Des étudiants en Iran ont organisé des manifestations anti-gouvernementales, marquant un tournant depuis la répression meurtrière du mois dernier. Ces rassemblements sont les premiers d'une telle ampleur depuis cette tragédie. La situation actuelle soulève des préoccupations tant au niveau local qu'international.
Des vidéos vérifiées par la BBC montrent des manifestants marchant sur le campus de l'Université Sharif de Technologie à Téhéran. Ces manifestations ont débuté en réponse à la mémoire des milliers de victimes des protestations de janvier. Les étudiants ont également organisé un sit-in dans une autre université de la capitale.

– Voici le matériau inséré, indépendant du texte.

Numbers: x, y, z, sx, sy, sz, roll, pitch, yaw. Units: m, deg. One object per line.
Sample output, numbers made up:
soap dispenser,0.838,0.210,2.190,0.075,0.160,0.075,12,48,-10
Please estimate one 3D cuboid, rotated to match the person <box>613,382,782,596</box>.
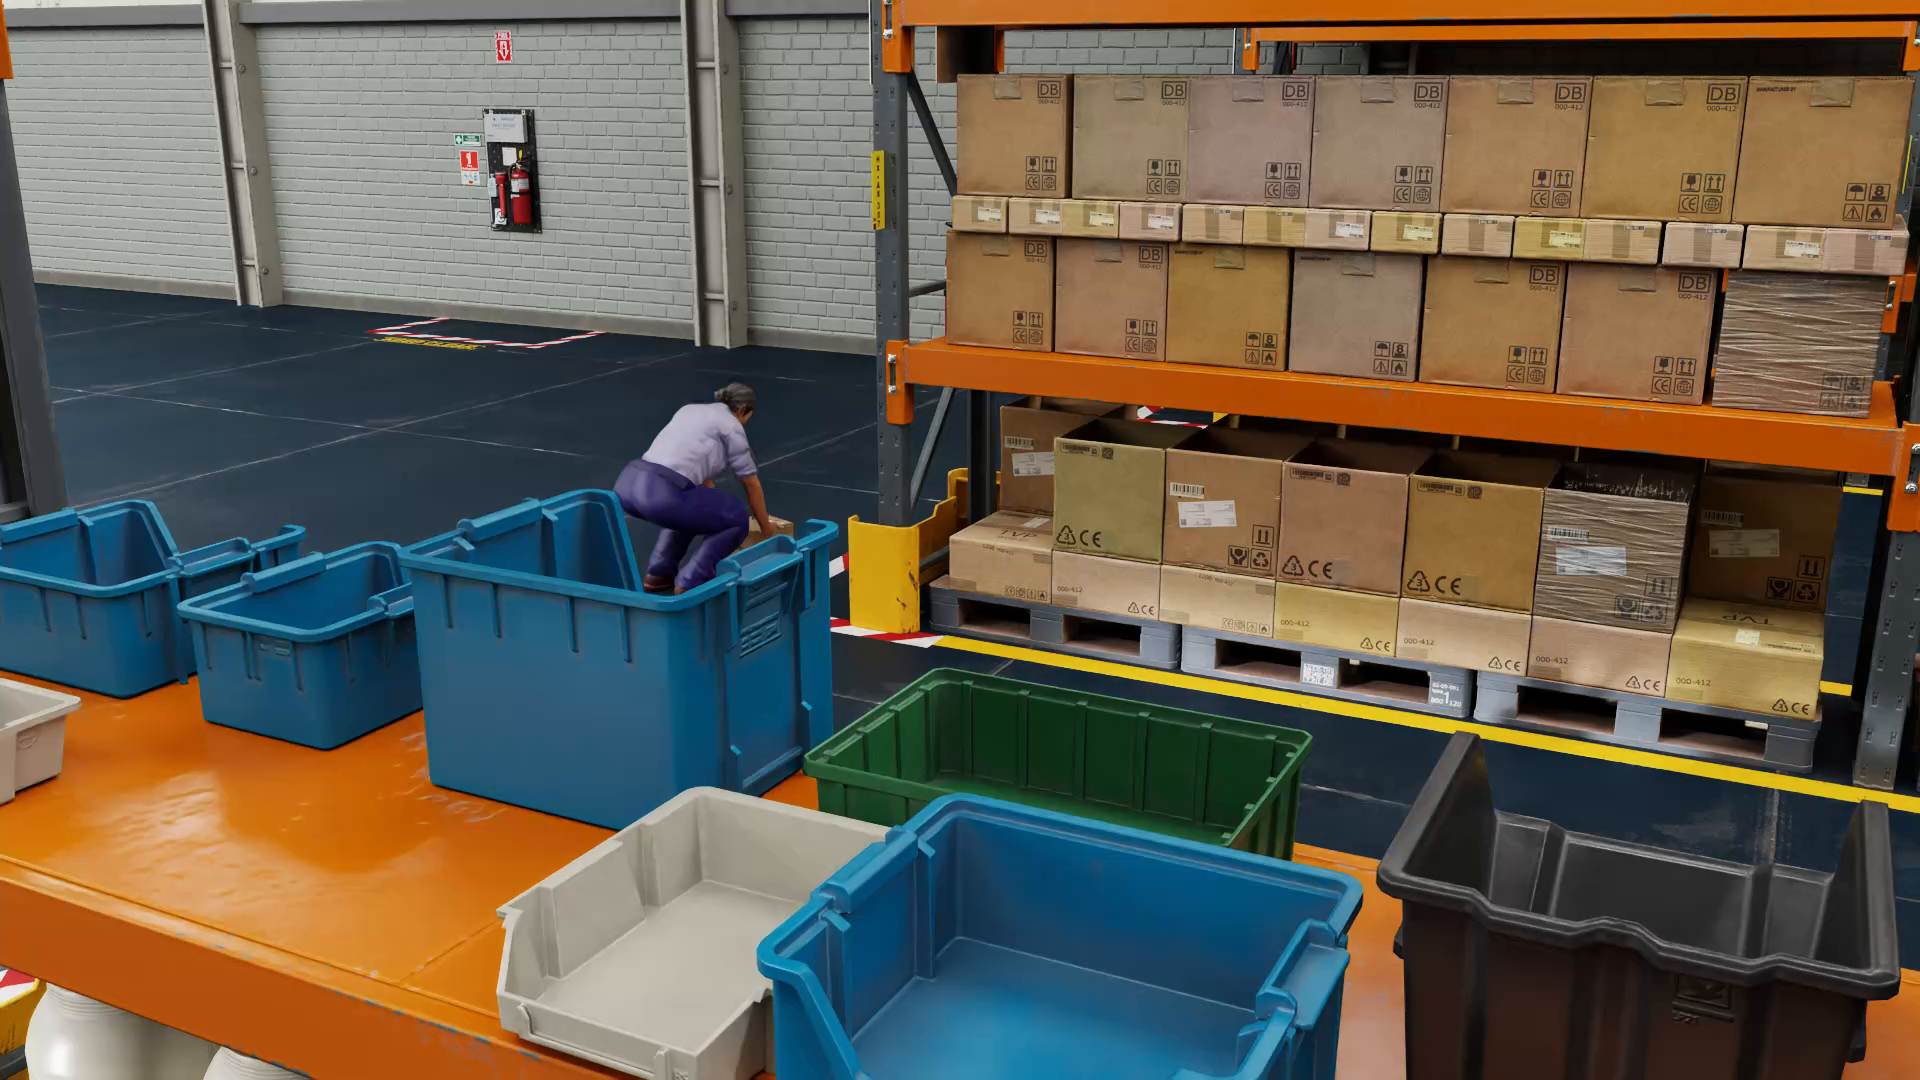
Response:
person,-1.295,-0.238,8.113,0.809,0.985,0.533,-14,21,-41

Les tensions ont rapidement augmenté lorsque des échauffourées ont éclaté entre les manifestants et les partisans du gouvernement. Les chants tels que "mort au dictateur" ont résonné, faisant référence au Guide Suprême Ali Khamenei.
Les États-Unis renforcent leur présence militaire près de l'Iran, et le Président Donald Trump a évoqué la possibilité d'une frappe militaire limitée. Cette escalade des tensions est alimentée par des soupçons concernant le programme nucléaire iranien, que Téhéran nie fermement.
Des discussions ont eu lieu entre des responsables américains et iraniens en Suisse, avec des avancées signalées. Cependant, Trump a averti que le monde saura bientôt si un accord sera conclu ou si des actions militaires seront entreprises.
Les manifestations de ce mois-ci ont débuté suite à des griefs économiques, devenant rapidement les plus importantes depuis la Révolution Islamique de 1979. Selon l'Human Rights Activists News Agency, au moins 6 159 personnes auraient été tuées, dont des manifestants et des enfants.
Les autorités iraniennes ont reconnu la mort de plus de 3 100 personnes, mais affirment que la plupart étaient des membres des forces de sécurité ou des civils attaqués par des "émeutiers".
L'opposition en exil appelle Trump à tenir ses promesses et à frapper, espérant un effondrement rapide du gouvernement actuel. Cependant, d'autres groupes d'opposition s'opposent à toute intervention extérieure, soulignant la complexité de la situation.
Les deux camps mènent des campagnes de désinformation sur les réseaux sociaux, cherchant à influencer l'opinion publique sur les véritables aspirations du peuple iranien.
Les événements récents en Iran soulignent une période de tensions croissantes et de luttes pour les droits civiques. Alors que les étudiants continuent de se mobiliser, l'avenir politique du pays reste incertain, avec des implications potentielles pour la région et au-delà.